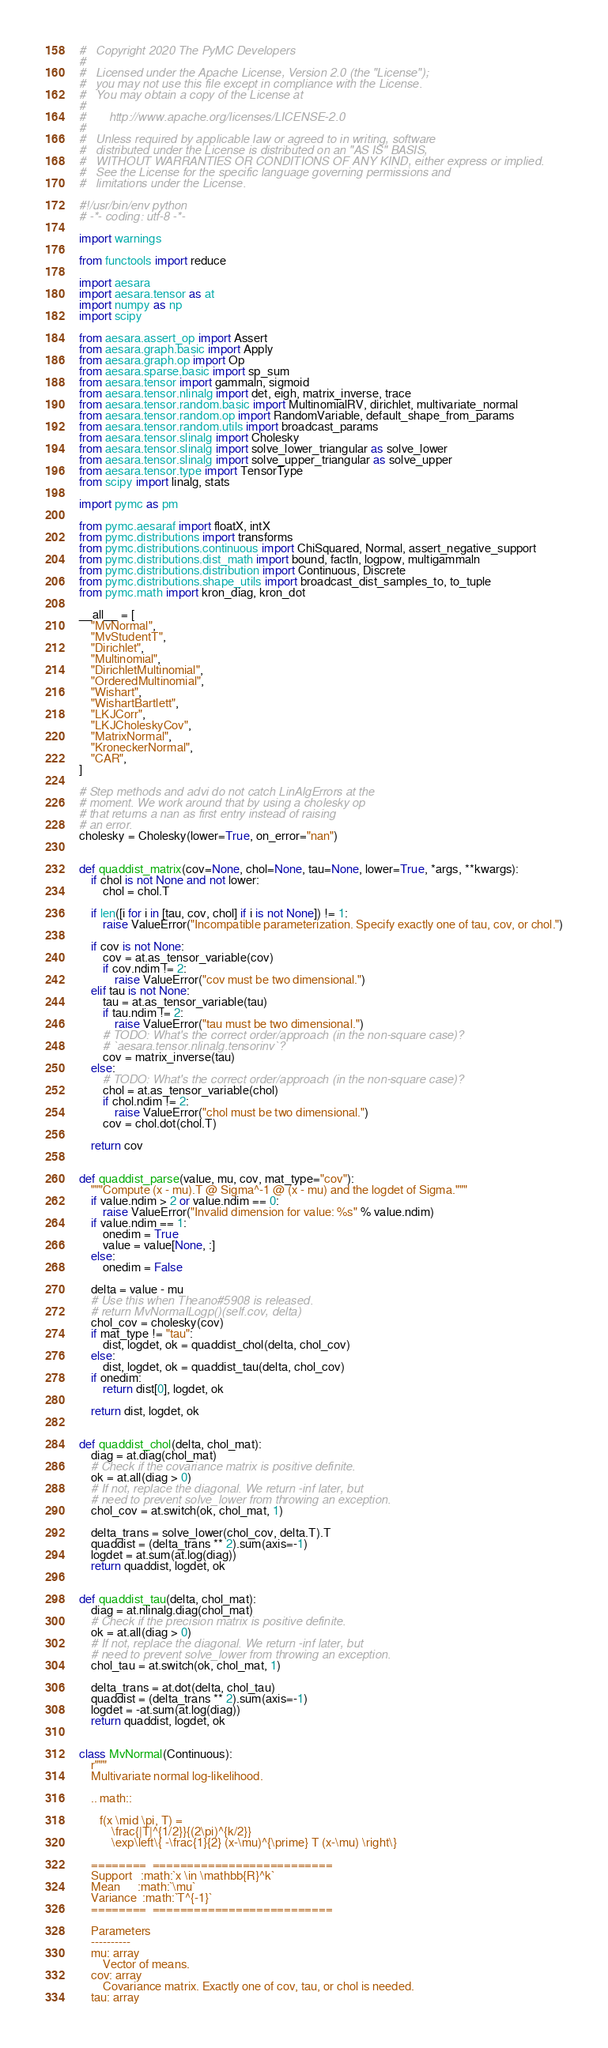Convert code to text. <code><loc_0><loc_0><loc_500><loc_500><_Python_>#   Copyright 2020 The PyMC Developers
#
#   Licensed under the Apache License, Version 2.0 (the "License");
#   you may not use this file except in compliance with the License.
#   You may obtain a copy of the License at
#
#       http://www.apache.org/licenses/LICENSE-2.0
#
#   Unless required by applicable law or agreed to in writing, software
#   distributed under the License is distributed on an "AS IS" BASIS,
#   WITHOUT WARRANTIES OR CONDITIONS OF ANY KIND, either express or implied.
#   See the License for the specific language governing permissions and
#   limitations under the License.

#!/usr/bin/env python
# -*- coding: utf-8 -*-

import warnings

from functools import reduce

import aesara
import aesara.tensor as at
import numpy as np
import scipy

from aesara.assert_op import Assert
from aesara.graph.basic import Apply
from aesara.graph.op import Op
from aesara.sparse.basic import sp_sum
from aesara.tensor import gammaln, sigmoid
from aesara.tensor.nlinalg import det, eigh, matrix_inverse, trace
from aesara.tensor.random.basic import MultinomialRV, dirichlet, multivariate_normal
from aesara.tensor.random.op import RandomVariable, default_shape_from_params
from aesara.tensor.random.utils import broadcast_params
from aesara.tensor.slinalg import Cholesky
from aesara.tensor.slinalg import solve_lower_triangular as solve_lower
from aesara.tensor.slinalg import solve_upper_triangular as solve_upper
from aesara.tensor.type import TensorType
from scipy import linalg, stats

import pymc as pm

from pymc.aesaraf import floatX, intX
from pymc.distributions import transforms
from pymc.distributions.continuous import ChiSquared, Normal, assert_negative_support
from pymc.distributions.dist_math import bound, factln, logpow, multigammaln
from pymc.distributions.distribution import Continuous, Discrete
from pymc.distributions.shape_utils import broadcast_dist_samples_to, to_tuple
from pymc.math import kron_diag, kron_dot

__all__ = [
    "MvNormal",
    "MvStudentT",
    "Dirichlet",
    "Multinomial",
    "DirichletMultinomial",
    "OrderedMultinomial",
    "Wishart",
    "WishartBartlett",
    "LKJCorr",
    "LKJCholeskyCov",
    "MatrixNormal",
    "KroneckerNormal",
    "CAR",
]

# Step methods and advi do not catch LinAlgErrors at the
# moment. We work around that by using a cholesky op
# that returns a nan as first entry instead of raising
# an error.
cholesky = Cholesky(lower=True, on_error="nan")


def quaddist_matrix(cov=None, chol=None, tau=None, lower=True, *args, **kwargs):
    if chol is not None and not lower:
        chol = chol.T

    if len([i for i in [tau, cov, chol] if i is not None]) != 1:
        raise ValueError("Incompatible parameterization. Specify exactly one of tau, cov, or chol.")

    if cov is not None:
        cov = at.as_tensor_variable(cov)
        if cov.ndim != 2:
            raise ValueError("cov must be two dimensional.")
    elif tau is not None:
        tau = at.as_tensor_variable(tau)
        if tau.ndim != 2:
            raise ValueError("tau must be two dimensional.")
        # TODO: What's the correct order/approach (in the non-square case)?
        # `aesara.tensor.nlinalg.tensorinv`?
        cov = matrix_inverse(tau)
    else:
        # TODO: What's the correct order/approach (in the non-square case)?
        chol = at.as_tensor_variable(chol)
        if chol.ndim != 2:
            raise ValueError("chol must be two dimensional.")
        cov = chol.dot(chol.T)

    return cov


def quaddist_parse(value, mu, cov, mat_type="cov"):
    """Compute (x - mu).T @ Sigma^-1 @ (x - mu) and the logdet of Sigma."""
    if value.ndim > 2 or value.ndim == 0:
        raise ValueError("Invalid dimension for value: %s" % value.ndim)
    if value.ndim == 1:
        onedim = True
        value = value[None, :]
    else:
        onedim = False

    delta = value - mu
    # Use this when Theano#5908 is released.
    # return MvNormalLogp()(self.cov, delta)
    chol_cov = cholesky(cov)
    if mat_type != "tau":
        dist, logdet, ok = quaddist_chol(delta, chol_cov)
    else:
        dist, logdet, ok = quaddist_tau(delta, chol_cov)
    if onedim:
        return dist[0], logdet, ok

    return dist, logdet, ok


def quaddist_chol(delta, chol_mat):
    diag = at.diag(chol_mat)
    # Check if the covariance matrix is positive definite.
    ok = at.all(diag > 0)
    # If not, replace the diagonal. We return -inf later, but
    # need to prevent solve_lower from throwing an exception.
    chol_cov = at.switch(ok, chol_mat, 1)

    delta_trans = solve_lower(chol_cov, delta.T).T
    quaddist = (delta_trans ** 2).sum(axis=-1)
    logdet = at.sum(at.log(diag))
    return quaddist, logdet, ok


def quaddist_tau(delta, chol_mat):
    diag = at.nlinalg.diag(chol_mat)
    # Check if the precision matrix is positive definite.
    ok = at.all(diag > 0)
    # If not, replace the diagonal. We return -inf later, but
    # need to prevent solve_lower from throwing an exception.
    chol_tau = at.switch(ok, chol_mat, 1)

    delta_trans = at.dot(delta, chol_tau)
    quaddist = (delta_trans ** 2).sum(axis=-1)
    logdet = -at.sum(at.log(diag))
    return quaddist, logdet, ok


class MvNormal(Continuous):
    r"""
    Multivariate normal log-likelihood.

    .. math::

       f(x \mid \pi, T) =
           \frac{|T|^{1/2}}{(2\pi)^{k/2}}
           \exp\left\{ -\frac{1}{2} (x-\mu)^{\prime} T (x-\mu) \right\}

    ========  ==========================
    Support   :math:`x \in \mathbb{R}^k`
    Mean      :math:`\mu`
    Variance  :math:`T^{-1}`
    ========  ==========================

    Parameters
    ----------
    mu: array
        Vector of means.
    cov: array
        Covariance matrix. Exactly one of cov, tau, or chol is needed.
    tau: array</code>

::::::::::

■ **What the exercise asks**
Everything in the data except the pictures should be restated word for word.

■ **Result of the exercise**
Convert code to text. <code><loc_0><loc_0><loc_500><loc_500><_Python_>#   Copyright 2020 The PyMC Developers
#
#   Licensed under the Apache License, Version 2.0 (the "License");
#   you may not use this file except in compliance with the License.
#   You may obtain a copy of the License at
#
#       http://www.apache.org/licenses/LICENSE-2.0
#
#   Unless required by applicable law or agreed to in writing, software
#   distributed under the License is distributed on an "AS IS" BASIS,
#   WITHOUT WARRANTIES OR CONDITIONS OF ANY KIND, either express or implied.
#   See the License for the specific language governing permissions and
#   limitations under the License.

#!/usr/bin/env python
# -*- coding: utf-8 -*-

import warnings

from functools import reduce

import aesara
import aesara.tensor as at
import numpy as np
import scipy

from aesara.assert_op import Assert
from aesara.graph.basic import Apply
from aesara.graph.op import Op
from aesara.sparse.basic import sp_sum
from aesara.tensor import gammaln, sigmoid
from aesara.tensor.nlinalg import det, eigh, matrix_inverse, trace
from aesara.tensor.random.basic import MultinomialRV, dirichlet, multivariate_normal
from aesara.tensor.random.op import RandomVariable, default_shape_from_params
from aesara.tensor.random.utils import broadcast_params
from aesara.tensor.slinalg import Cholesky
from aesara.tensor.slinalg import solve_lower_triangular as solve_lower
from aesara.tensor.slinalg import solve_upper_triangular as solve_upper
from aesara.tensor.type import TensorType
from scipy import linalg, stats

import pymc as pm

from pymc.aesaraf import floatX, intX
from pymc.distributions import transforms
from pymc.distributions.continuous import ChiSquared, Normal, assert_negative_support
from pymc.distributions.dist_math import bound, factln, logpow, multigammaln
from pymc.distributions.distribution import Continuous, Discrete
from pymc.distributions.shape_utils import broadcast_dist_samples_to, to_tuple
from pymc.math import kron_diag, kron_dot

__all__ = [
    "MvNormal",
    "MvStudentT",
    "Dirichlet",
    "Multinomial",
    "DirichletMultinomial",
    "OrderedMultinomial",
    "Wishart",
    "WishartBartlett",
    "LKJCorr",
    "LKJCholeskyCov",
    "MatrixNormal",
    "KroneckerNormal",
    "CAR",
]

# Step methods and advi do not catch LinAlgErrors at the
# moment. We work around that by using a cholesky op
# that returns a nan as first entry instead of raising
# an error.
cholesky = Cholesky(lower=True, on_error="nan")


def quaddist_matrix(cov=None, chol=None, tau=None, lower=True, *args, **kwargs):
    if chol is not None and not lower:
        chol = chol.T

    if len([i for i in [tau, cov, chol] if i is not None]) != 1:
        raise ValueError("Incompatible parameterization. Specify exactly one of tau, cov, or chol.")

    if cov is not None:
        cov = at.as_tensor_variable(cov)
        if cov.ndim != 2:
            raise ValueError("cov must be two dimensional.")
    elif tau is not None:
        tau = at.as_tensor_variable(tau)
        if tau.ndim != 2:
            raise ValueError("tau must be two dimensional.")
        # TODO: What's the correct order/approach (in the non-square case)?
        # `aesara.tensor.nlinalg.tensorinv`?
        cov = matrix_inverse(tau)
    else:
        # TODO: What's the correct order/approach (in the non-square case)?
        chol = at.as_tensor_variable(chol)
        if chol.ndim != 2:
            raise ValueError("chol must be two dimensional.")
        cov = chol.dot(chol.T)

    return cov


def quaddist_parse(value, mu, cov, mat_type="cov"):
    """Compute (x - mu).T @ Sigma^-1 @ (x - mu) and the logdet of Sigma."""
    if value.ndim > 2 or value.ndim == 0:
        raise ValueError("Invalid dimension for value: %s" % value.ndim)
    if value.ndim == 1:
        onedim = True
        value = value[None, :]
    else:
        onedim = False

    delta = value - mu
    # Use this when Theano#5908 is released.
    # return MvNormalLogp()(self.cov, delta)
    chol_cov = cholesky(cov)
    if mat_type != "tau":
        dist, logdet, ok = quaddist_chol(delta, chol_cov)
    else:
        dist, logdet, ok = quaddist_tau(delta, chol_cov)
    if onedim:
        return dist[0], logdet, ok

    return dist, logdet, ok


def quaddist_chol(delta, chol_mat):
    diag = at.diag(chol_mat)
    # Check if the covariance matrix is positive definite.
    ok = at.all(diag > 0)
    # If not, replace the diagonal. We return -inf later, but
    # need to prevent solve_lower from throwing an exception.
    chol_cov = at.switch(ok, chol_mat, 1)

    delta_trans = solve_lower(chol_cov, delta.T).T
    quaddist = (delta_trans ** 2).sum(axis=-1)
    logdet = at.sum(at.log(diag))
    return quaddist, logdet, ok


def quaddist_tau(delta, chol_mat):
    diag = at.nlinalg.diag(chol_mat)
    # Check if the precision matrix is positive definite.
    ok = at.all(diag > 0)
    # If not, replace the diagonal. We return -inf later, but
    # need to prevent solve_lower from throwing an exception.
    chol_tau = at.switch(ok, chol_mat, 1)

    delta_trans = at.dot(delta, chol_tau)
    quaddist = (delta_trans ** 2).sum(axis=-1)
    logdet = -at.sum(at.log(diag))
    return quaddist, logdet, ok


class MvNormal(Continuous):
    r"""
    Multivariate normal log-likelihood.

    .. math::

       f(x \mid \pi, T) =
           \frac{|T|^{1/2}}{(2\pi)^{k/2}}
           \exp\left\{ -\frac{1}{2} (x-\mu)^{\prime} T (x-\mu) \right\}

    ========  ==========================
    Support   :math:`x \in \mathbb{R}^k`
    Mean      :math:`\mu`
    Variance  :math:`T^{-1}`
    ========  ==========================

    Parameters
    ----------
    mu: array
        Vector of means.
    cov: array
        Covariance matrix. Exactly one of cov, tau, or chol is needed.
    tau: array</code>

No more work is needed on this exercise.